* _Work to complete_:
Omit every picture while repeating the entries exactly.

━━ Raw data ━━

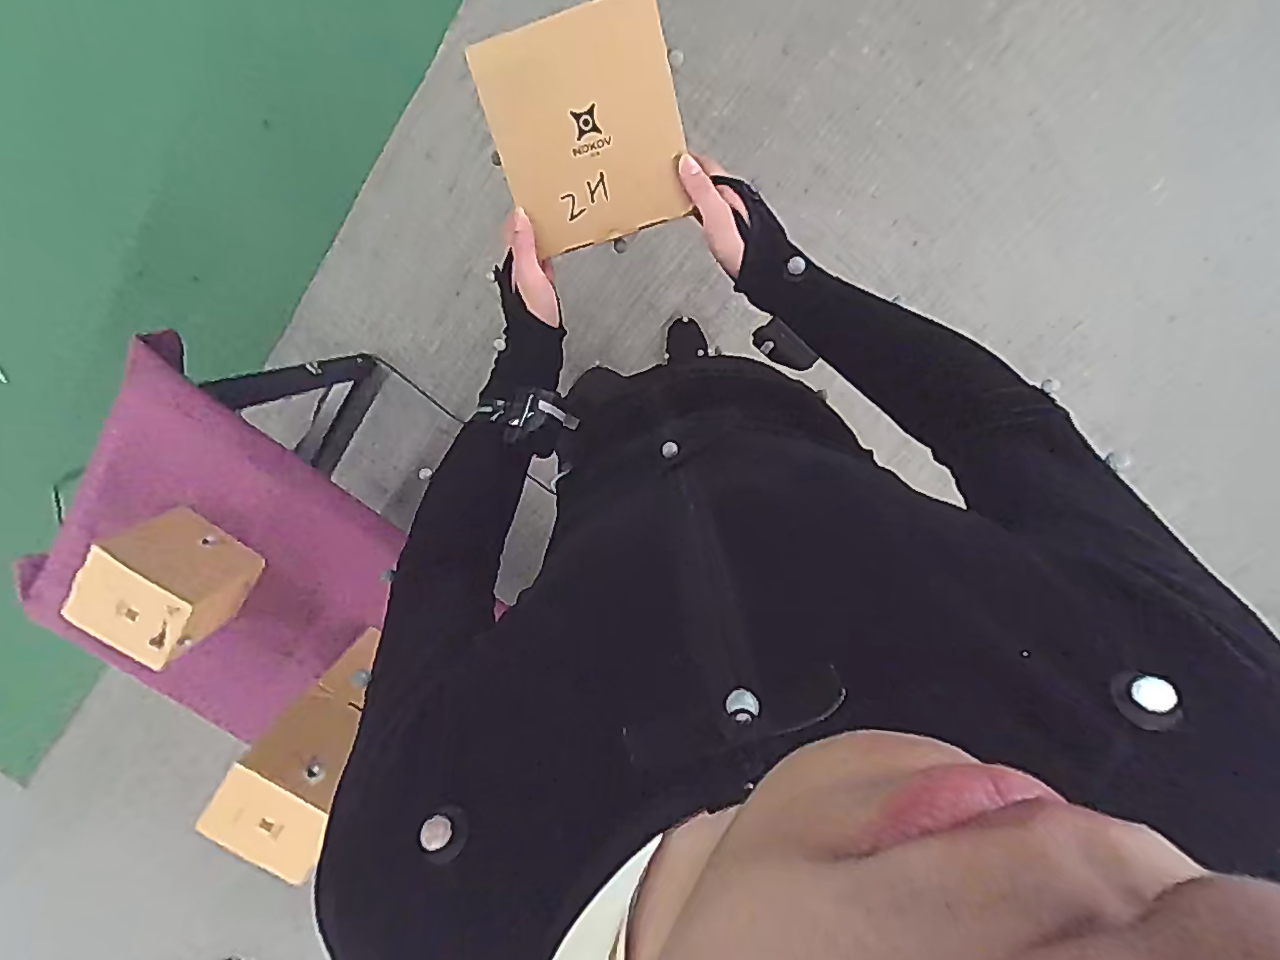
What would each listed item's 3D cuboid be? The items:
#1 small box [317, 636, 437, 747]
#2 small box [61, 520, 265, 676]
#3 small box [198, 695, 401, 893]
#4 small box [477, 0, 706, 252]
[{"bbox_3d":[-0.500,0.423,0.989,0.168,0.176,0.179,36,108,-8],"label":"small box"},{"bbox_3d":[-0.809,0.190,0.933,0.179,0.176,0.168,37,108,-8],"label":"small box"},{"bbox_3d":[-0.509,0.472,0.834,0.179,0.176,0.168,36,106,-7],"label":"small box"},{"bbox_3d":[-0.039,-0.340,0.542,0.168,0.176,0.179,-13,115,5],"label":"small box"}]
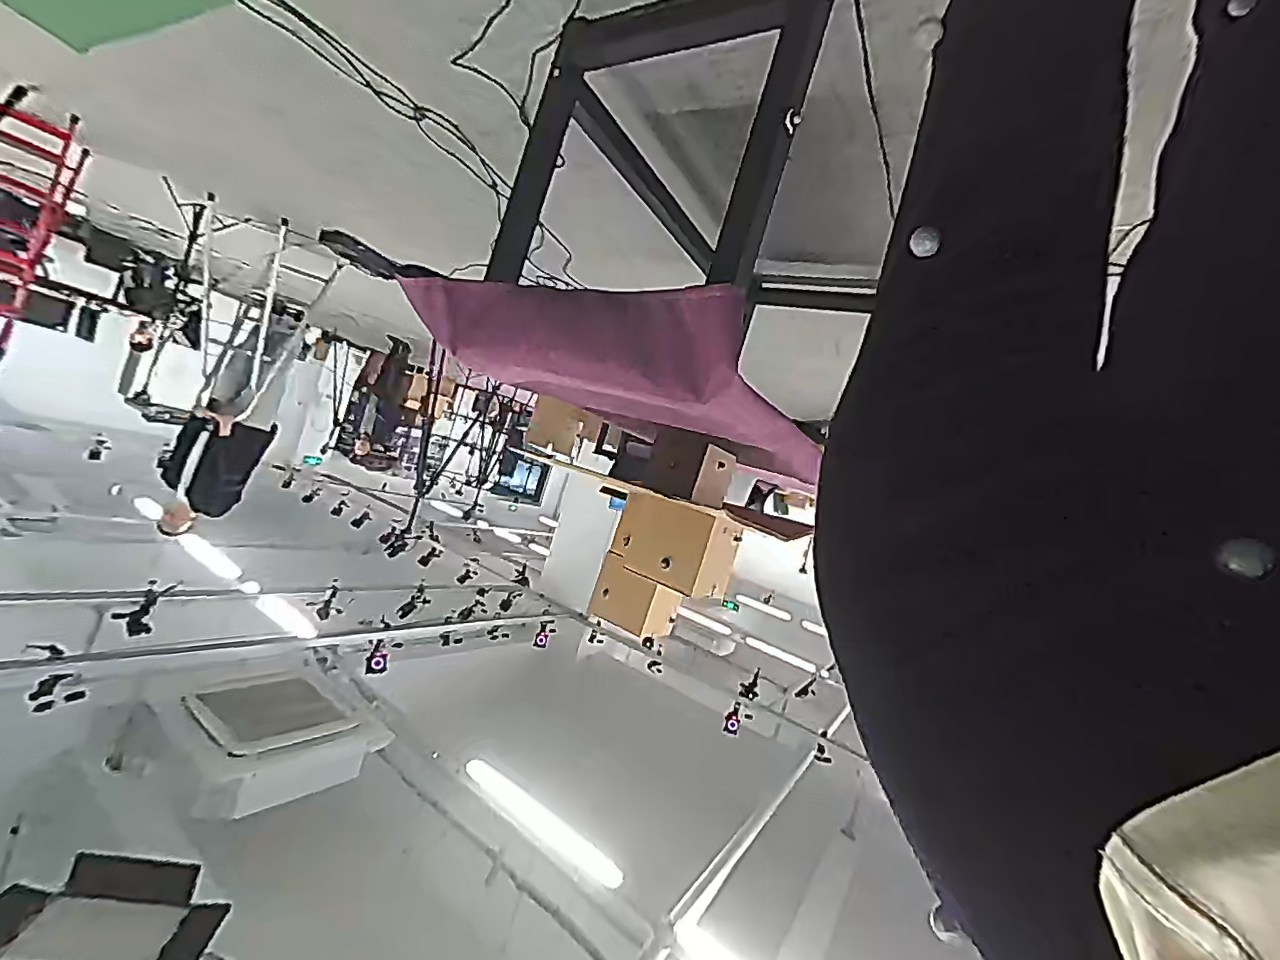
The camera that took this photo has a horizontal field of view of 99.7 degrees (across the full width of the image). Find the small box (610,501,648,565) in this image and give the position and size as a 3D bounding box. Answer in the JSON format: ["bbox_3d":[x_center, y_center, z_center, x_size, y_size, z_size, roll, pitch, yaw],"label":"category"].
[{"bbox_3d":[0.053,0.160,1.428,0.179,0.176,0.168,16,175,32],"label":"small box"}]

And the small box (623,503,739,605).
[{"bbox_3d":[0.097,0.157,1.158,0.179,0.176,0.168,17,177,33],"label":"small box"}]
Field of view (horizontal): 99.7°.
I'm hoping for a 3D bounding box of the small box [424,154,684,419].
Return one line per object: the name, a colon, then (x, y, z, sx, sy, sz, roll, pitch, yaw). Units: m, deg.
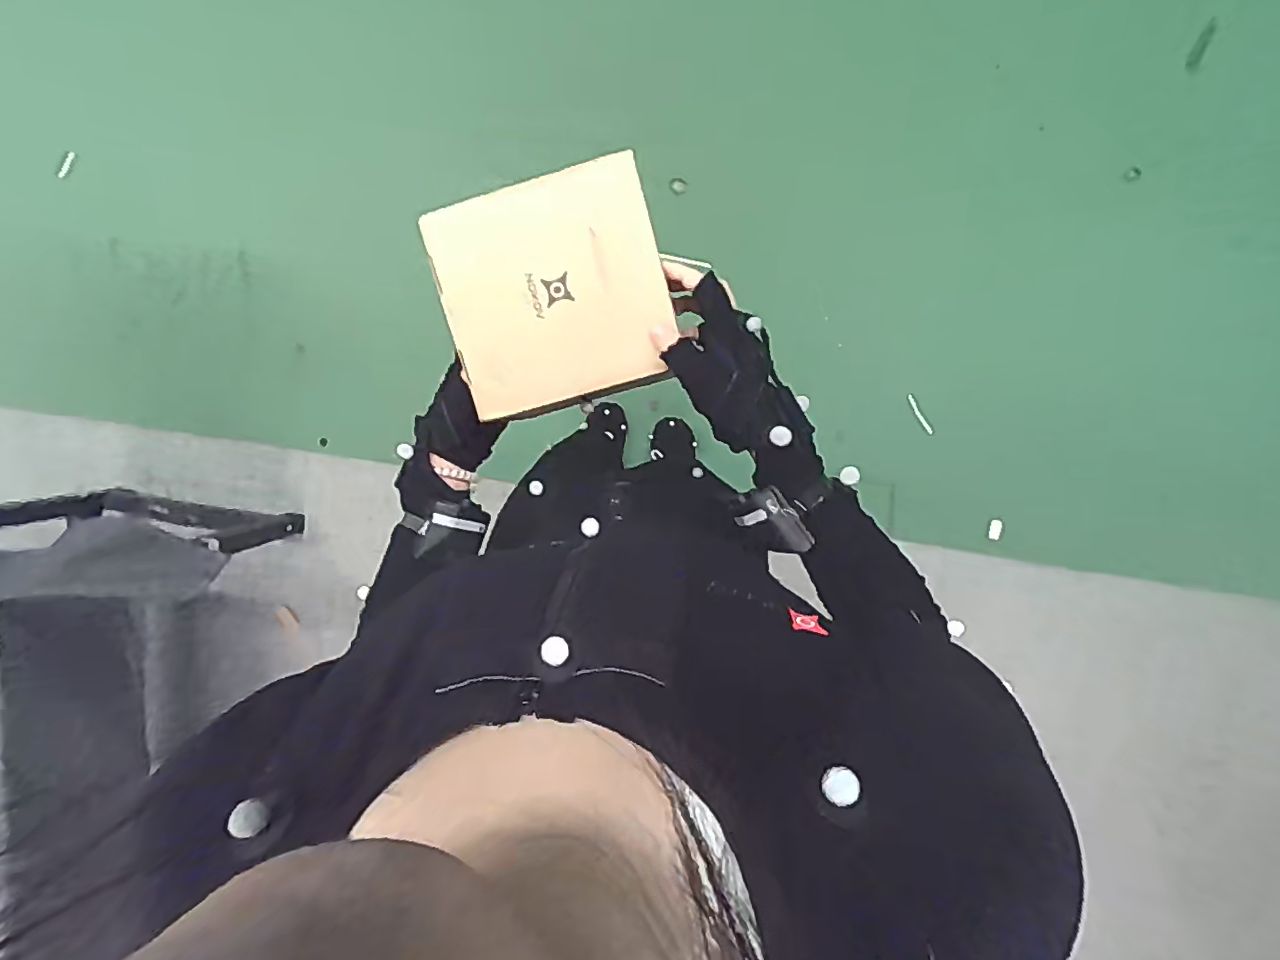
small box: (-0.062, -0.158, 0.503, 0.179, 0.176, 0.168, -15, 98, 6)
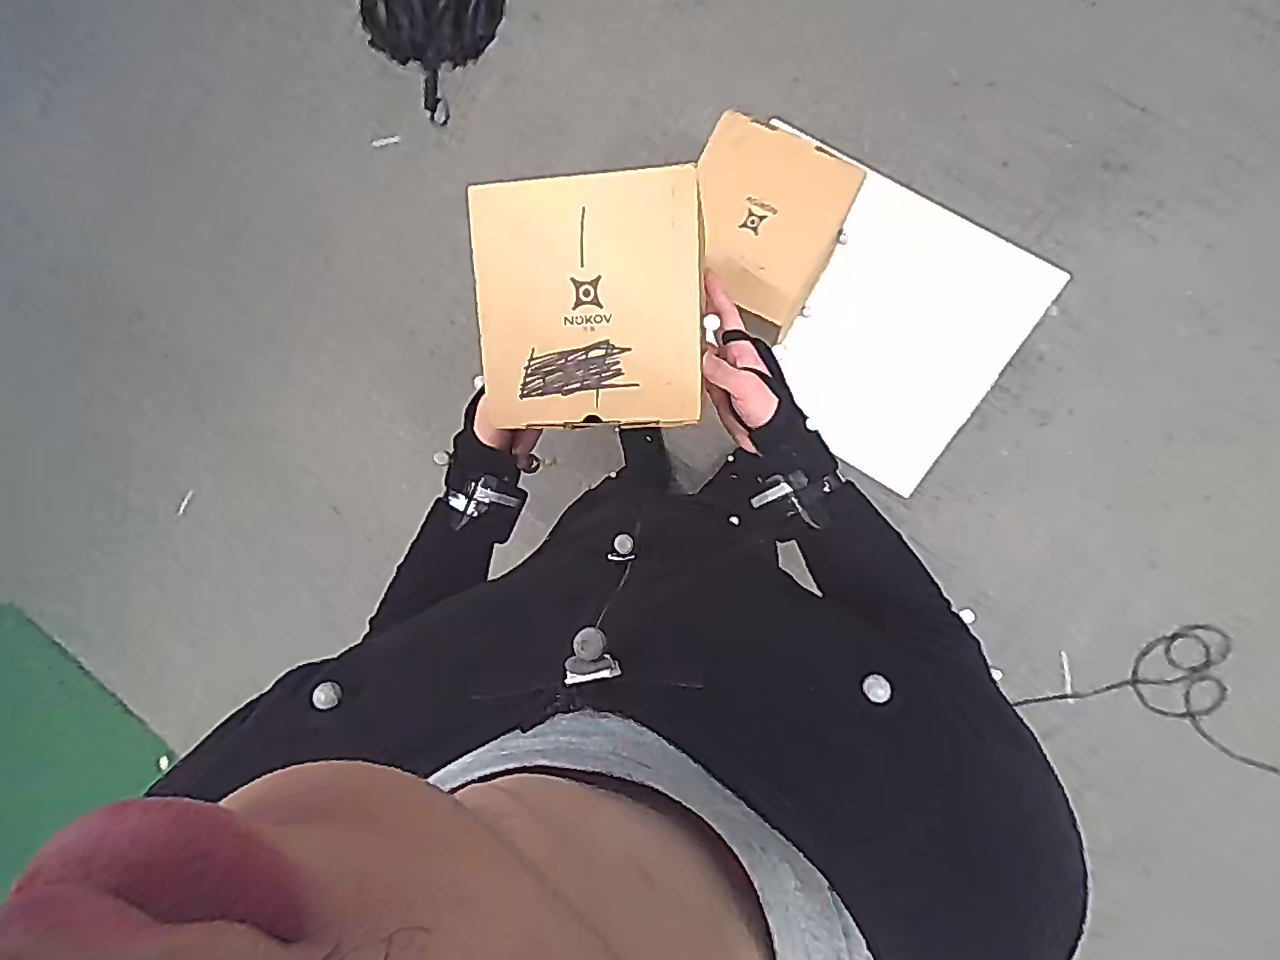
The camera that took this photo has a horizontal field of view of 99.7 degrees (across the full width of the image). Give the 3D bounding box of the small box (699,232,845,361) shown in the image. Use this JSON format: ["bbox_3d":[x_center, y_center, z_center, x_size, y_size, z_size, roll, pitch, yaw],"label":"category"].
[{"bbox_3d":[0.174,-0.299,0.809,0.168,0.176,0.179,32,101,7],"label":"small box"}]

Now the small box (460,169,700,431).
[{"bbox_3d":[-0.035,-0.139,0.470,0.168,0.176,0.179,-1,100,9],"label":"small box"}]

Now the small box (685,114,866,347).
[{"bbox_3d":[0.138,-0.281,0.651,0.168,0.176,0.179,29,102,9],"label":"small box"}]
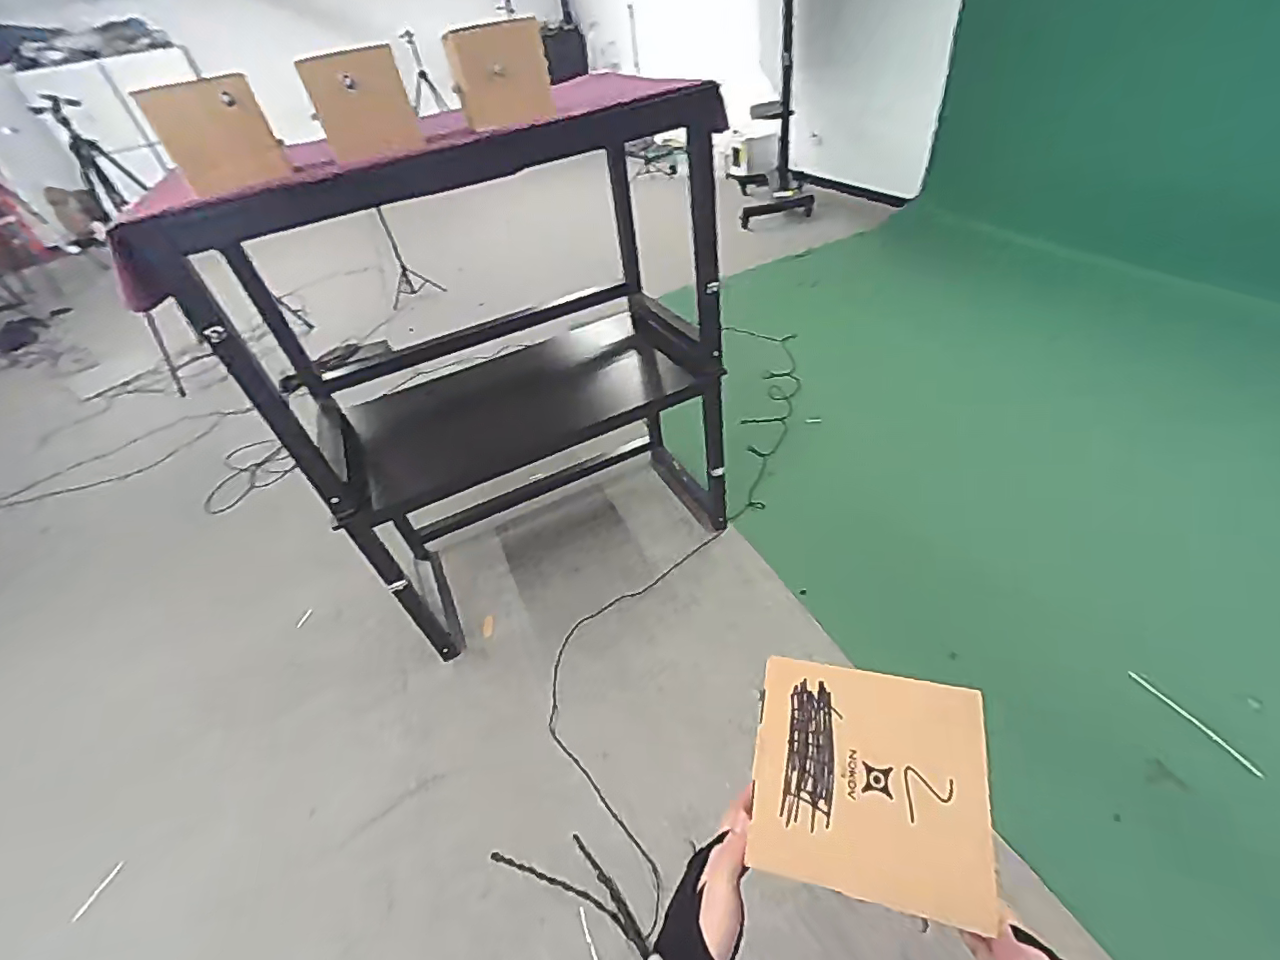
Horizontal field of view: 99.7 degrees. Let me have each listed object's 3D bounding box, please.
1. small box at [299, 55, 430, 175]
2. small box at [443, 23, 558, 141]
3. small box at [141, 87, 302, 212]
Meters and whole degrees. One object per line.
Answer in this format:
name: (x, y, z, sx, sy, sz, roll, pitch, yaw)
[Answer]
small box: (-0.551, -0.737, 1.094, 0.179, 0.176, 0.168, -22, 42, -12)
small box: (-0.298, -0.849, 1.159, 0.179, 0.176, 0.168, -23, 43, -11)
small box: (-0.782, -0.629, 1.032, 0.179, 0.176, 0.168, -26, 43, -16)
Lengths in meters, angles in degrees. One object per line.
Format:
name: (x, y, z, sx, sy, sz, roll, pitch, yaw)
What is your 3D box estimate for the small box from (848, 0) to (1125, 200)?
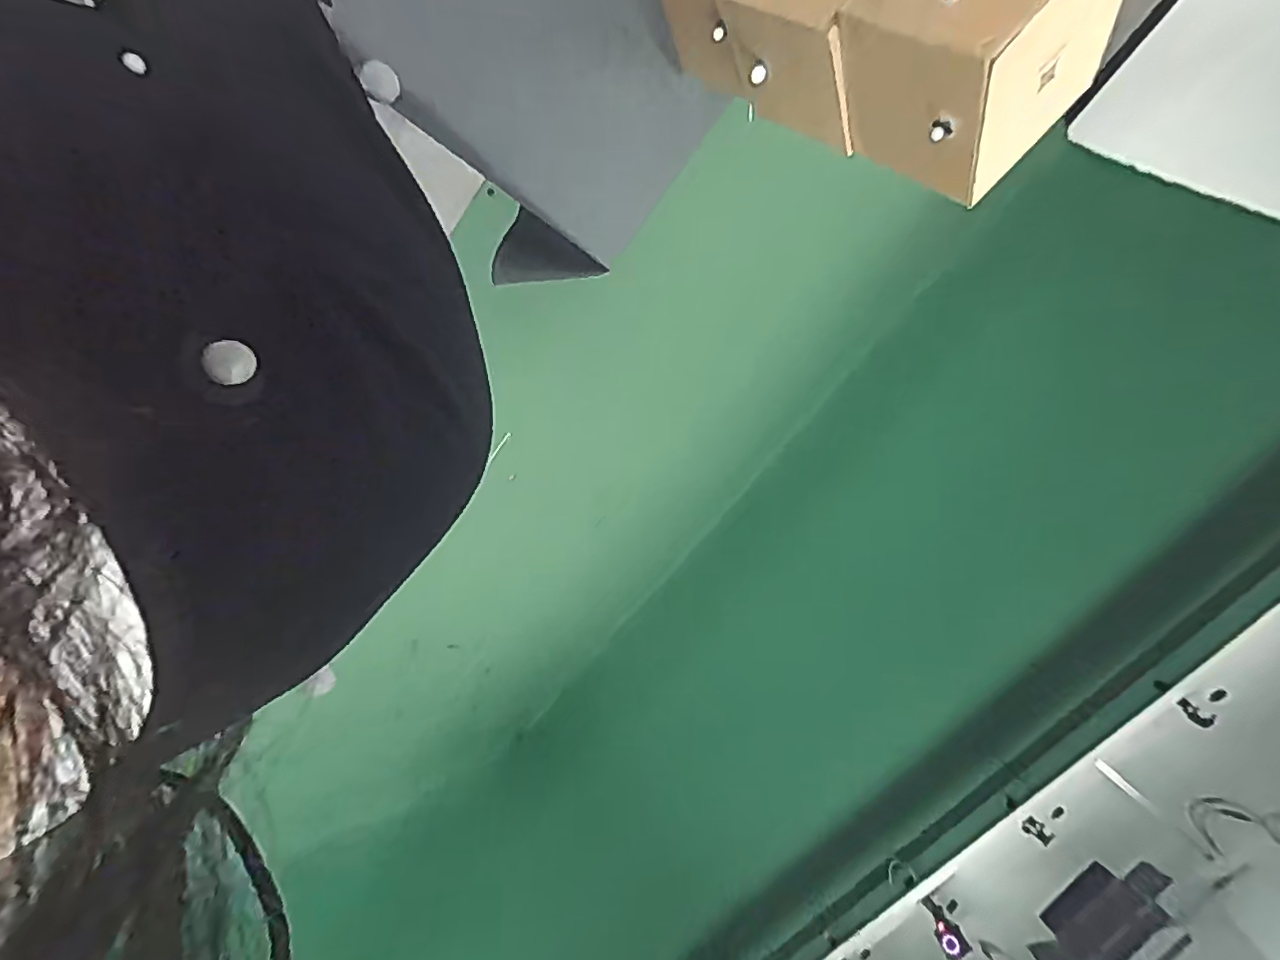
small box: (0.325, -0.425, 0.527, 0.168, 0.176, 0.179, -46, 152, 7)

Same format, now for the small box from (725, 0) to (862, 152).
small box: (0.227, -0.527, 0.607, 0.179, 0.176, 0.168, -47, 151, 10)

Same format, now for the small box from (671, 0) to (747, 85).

━━━

* _Solution below_:
What would each listed item's 3D cuboid be? The items:
#1 small box [317, 636, 437, 747]
#2 small box [61, 520, 265, 676]
#3 small box [198, 695, 401, 893]
#4 small box [477, 0, 706, 252]
[{"bbox_3d":[-0.500,0.423,0.989,0.168,0.176,0.179,36,108,-8],"label":"small box"},{"bbox_3d":[-0.809,0.190,0.933,0.179,0.176,0.168,37,108,-8],"label":"small box"},{"bbox_3d":[-0.509,0.472,0.834,0.179,0.176,0.168,36,106,-7],"label":"small box"},{"bbox_3d":[-0.039,-0.340,0.542,0.168,0.176,0.179,-13,115,5],"label":"small box"}]
The camera that took this photo has a horizontal field of view of 99.7 degrees (across the full width of the image). Find the small box (610,501,648,565) in this image and give the position and size as a 3D bounding box. Answer in the JSON format: ["bbox_3d":[x_center, y_center, z_center, x_size, y_size, z_size, roll, pitch, yaw],"label":"category"].
[{"bbox_3d":[0.053,0.160,1.428,0.179,0.176,0.168,16,175,32],"label":"small box"}]

And the small box (623,503,739,605).
[{"bbox_3d":[0.097,0.157,1.158,0.179,0.176,0.168,17,177,33],"label":"small box"}]
Field of view (horizontal): 99.7°.
I'm hoping for a 3D bounding box of the small box [424,154,684,419].
Return one line per object: the name, a colon, then (x, y, z, sx, sy, sz, roll, pitch, yaw). Units: m, deg.
small box: (-0.062, -0.158, 0.503, 0.179, 0.176, 0.168, -15, 98, 6)
The camera that took this photo has a horizontal field of view of 99.7 degrees (across the full width of the image). Give the 3D bounding box of the small box (699,232,845,361) shown in the image. Use this JSON format: ["bbox_3d":[x_center, y_center, z_center, x_size, y_size, z_size, roll, pitch, yaw],"label":"category"].
[{"bbox_3d":[0.174,-0.299,0.809,0.168,0.176,0.179,32,101,7],"label":"small box"}]

Now the small box (460,169,700,431).
[{"bbox_3d":[-0.035,-0.139,0.470,0.168,0.176,0.179,-1,100,9],"label":"small box"}]

Now the small box (685,114,866,347).
[{"bbox_3d":[0.138,-0.281,0.651,0.168,0.176,0.179,29,102,9],"label":"small box"}]
Horizontal field of view: 99.7 degrees. Let me have each listed object's 3D bounding box, please.
1. small box at [299, 55, 430, 175]
2. small box at [443, 23, 558, 141]
3. small box at [141, 87, 302, 212]
Meters and whole degrees. One object per line.
Answer in this format:
name: (x, y, z, sx, sy, sz, roll, pitch, yaw)
[Answer]
small box: (-0.551, -0.737, 1.094, 0.179, 0.176, 0.168, -22, 42, -12)
small box: (-0.298, -0.849, 1.159, 0.179, 0.176, 0.168, -23, 43, -11)
small box: (-0.782, -0.629, 1.032, 0.179, 0.176, 0.168, -26, 43, -16)
Lengths in meters, angles in degrees. One object per line.
Format:
name: (x, y, z, sx, sy, sz, roll, pitch, yaw)
What is your 3D box estimate for the small box from (848, 0) to (1125, 200)?
small box: (0.325, -0.425, 0.527, 0.168, 0.176, 0.179, -46, 152, 7)

Same format, now for the small box from (725, 0) to (862, 152).
small box: (0.227, -0.527, 0.607, 0.179, 0.176, 0.168, -47, 151, 10)

Same format, now for the small box from (671, 0) to (747, 85).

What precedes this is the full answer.